>>>>

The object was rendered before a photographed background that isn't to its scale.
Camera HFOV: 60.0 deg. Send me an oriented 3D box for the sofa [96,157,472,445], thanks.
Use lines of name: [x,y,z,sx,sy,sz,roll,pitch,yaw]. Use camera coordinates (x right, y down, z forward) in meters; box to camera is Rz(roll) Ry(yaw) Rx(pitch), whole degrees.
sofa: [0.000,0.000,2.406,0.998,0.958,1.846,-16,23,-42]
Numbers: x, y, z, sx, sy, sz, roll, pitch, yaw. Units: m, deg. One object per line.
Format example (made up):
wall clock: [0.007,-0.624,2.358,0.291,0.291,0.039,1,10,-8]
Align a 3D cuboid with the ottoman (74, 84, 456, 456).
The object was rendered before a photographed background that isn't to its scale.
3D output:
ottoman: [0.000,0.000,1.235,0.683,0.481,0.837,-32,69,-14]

<<<<
>>>>

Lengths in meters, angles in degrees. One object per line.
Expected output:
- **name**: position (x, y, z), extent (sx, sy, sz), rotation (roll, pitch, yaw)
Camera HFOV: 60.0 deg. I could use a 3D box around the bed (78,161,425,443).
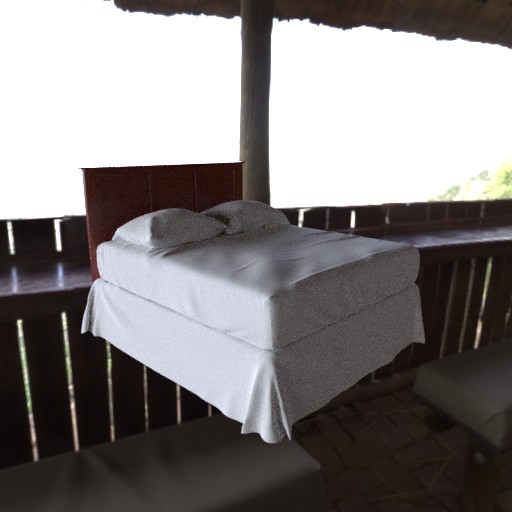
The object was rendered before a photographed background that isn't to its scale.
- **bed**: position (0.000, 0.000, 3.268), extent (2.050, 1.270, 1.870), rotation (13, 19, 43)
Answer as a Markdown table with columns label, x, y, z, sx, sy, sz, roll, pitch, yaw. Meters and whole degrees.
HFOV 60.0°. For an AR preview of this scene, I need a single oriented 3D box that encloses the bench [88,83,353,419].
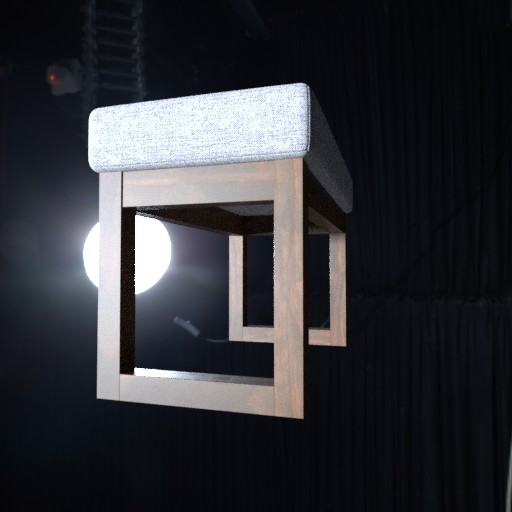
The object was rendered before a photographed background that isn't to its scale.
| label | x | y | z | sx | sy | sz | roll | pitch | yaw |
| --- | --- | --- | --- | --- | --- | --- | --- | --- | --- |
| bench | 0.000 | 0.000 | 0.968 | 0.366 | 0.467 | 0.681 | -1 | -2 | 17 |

<<<<
>>>>

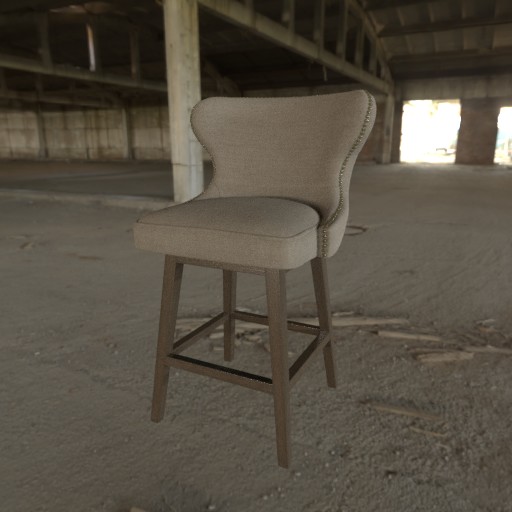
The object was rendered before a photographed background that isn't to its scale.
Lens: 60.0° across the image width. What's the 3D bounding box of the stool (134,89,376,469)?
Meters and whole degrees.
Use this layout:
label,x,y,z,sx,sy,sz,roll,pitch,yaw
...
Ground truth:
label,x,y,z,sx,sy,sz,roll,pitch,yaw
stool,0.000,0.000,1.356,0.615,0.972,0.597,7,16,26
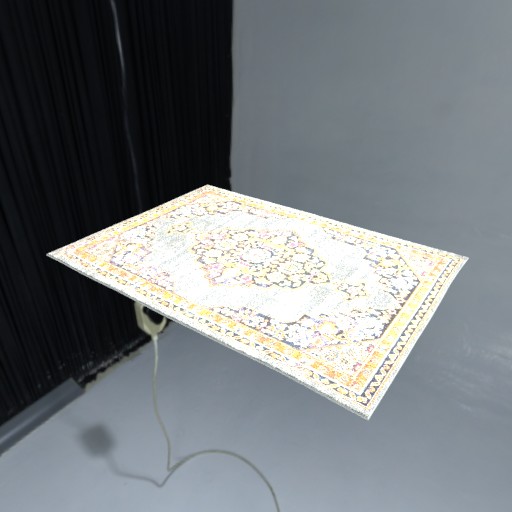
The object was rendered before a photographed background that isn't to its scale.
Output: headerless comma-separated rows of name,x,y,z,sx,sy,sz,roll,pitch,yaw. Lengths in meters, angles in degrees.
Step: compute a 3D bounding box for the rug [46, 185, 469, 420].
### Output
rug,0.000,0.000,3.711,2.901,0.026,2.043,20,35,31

<<<<

- [Task to complete]: Pull every line holding "bounding" out of the records.

- [Reply]:
Lens: 60.0° across the image width. What's the 3D bounding box of the stool (134,89,376,469)?
Step: compute a 3D bounding box for the rug [46, 185, 469, 420].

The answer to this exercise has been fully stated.